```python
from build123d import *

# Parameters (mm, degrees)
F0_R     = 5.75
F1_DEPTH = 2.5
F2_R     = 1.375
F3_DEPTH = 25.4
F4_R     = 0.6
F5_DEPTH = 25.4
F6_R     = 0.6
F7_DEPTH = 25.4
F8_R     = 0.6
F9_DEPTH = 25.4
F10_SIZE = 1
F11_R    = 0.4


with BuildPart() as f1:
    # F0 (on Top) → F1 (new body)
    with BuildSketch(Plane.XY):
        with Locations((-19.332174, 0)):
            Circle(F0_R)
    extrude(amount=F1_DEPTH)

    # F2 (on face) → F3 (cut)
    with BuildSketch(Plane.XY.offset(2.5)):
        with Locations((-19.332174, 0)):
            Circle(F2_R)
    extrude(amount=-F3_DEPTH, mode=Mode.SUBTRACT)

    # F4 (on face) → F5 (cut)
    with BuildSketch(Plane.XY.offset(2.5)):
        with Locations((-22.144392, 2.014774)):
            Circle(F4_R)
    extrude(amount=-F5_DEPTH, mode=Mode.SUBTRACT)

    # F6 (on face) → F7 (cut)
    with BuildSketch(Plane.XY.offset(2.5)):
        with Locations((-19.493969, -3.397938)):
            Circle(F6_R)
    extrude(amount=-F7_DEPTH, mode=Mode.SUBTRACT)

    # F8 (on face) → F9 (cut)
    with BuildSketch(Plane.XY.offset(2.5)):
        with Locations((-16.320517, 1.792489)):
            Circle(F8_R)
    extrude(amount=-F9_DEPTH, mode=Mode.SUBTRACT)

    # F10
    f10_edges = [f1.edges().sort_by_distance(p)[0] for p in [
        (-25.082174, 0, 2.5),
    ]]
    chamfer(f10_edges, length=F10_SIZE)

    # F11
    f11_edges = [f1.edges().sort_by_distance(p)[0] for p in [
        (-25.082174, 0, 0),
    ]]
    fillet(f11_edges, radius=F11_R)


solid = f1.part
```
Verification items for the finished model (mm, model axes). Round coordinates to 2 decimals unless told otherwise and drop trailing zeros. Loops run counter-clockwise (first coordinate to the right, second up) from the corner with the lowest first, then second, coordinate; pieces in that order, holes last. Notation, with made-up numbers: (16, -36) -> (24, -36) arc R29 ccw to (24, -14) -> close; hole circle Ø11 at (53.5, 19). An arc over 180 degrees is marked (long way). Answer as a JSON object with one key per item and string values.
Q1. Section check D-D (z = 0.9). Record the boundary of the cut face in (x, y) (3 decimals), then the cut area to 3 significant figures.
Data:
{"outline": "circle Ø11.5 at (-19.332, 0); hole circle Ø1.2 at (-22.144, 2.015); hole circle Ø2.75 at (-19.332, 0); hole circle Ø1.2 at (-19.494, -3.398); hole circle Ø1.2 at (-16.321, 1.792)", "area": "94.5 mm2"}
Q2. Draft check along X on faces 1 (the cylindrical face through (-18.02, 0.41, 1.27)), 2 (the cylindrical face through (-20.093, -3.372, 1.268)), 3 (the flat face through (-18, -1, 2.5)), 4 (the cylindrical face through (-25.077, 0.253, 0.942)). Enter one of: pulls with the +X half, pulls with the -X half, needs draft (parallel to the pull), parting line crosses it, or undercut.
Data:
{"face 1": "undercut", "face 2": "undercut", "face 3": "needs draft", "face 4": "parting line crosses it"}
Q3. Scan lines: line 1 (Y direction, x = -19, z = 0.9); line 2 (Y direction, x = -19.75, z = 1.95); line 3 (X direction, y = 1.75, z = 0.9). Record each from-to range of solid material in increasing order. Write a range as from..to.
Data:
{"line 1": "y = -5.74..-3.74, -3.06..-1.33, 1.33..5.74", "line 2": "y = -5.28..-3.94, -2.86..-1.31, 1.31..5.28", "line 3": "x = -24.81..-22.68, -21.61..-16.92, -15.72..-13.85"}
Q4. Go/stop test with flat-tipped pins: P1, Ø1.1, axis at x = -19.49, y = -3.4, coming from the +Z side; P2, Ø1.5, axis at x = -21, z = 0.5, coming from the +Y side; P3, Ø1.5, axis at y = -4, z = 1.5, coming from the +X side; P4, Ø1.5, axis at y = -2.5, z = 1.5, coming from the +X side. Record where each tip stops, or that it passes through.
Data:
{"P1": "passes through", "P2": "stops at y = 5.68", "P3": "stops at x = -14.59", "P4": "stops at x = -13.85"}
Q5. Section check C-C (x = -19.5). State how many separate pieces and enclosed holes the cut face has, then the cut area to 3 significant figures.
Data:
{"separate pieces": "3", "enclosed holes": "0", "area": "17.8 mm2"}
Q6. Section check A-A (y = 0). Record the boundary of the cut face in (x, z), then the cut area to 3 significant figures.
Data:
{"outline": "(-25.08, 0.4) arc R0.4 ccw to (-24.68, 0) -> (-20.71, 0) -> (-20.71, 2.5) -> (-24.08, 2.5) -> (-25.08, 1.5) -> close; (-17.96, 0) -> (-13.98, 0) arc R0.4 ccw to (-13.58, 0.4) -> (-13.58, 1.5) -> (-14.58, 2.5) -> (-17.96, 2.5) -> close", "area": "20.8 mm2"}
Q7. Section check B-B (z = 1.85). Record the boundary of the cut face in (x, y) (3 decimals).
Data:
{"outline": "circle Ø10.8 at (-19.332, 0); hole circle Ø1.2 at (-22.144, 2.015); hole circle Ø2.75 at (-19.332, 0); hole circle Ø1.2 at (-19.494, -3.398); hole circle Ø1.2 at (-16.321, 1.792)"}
══════════════════════════════
PROMPT:
Taking every line of the records in turn, count the ones holding "enclosed", and state nothing but the number.

COMPLETED TASK:
2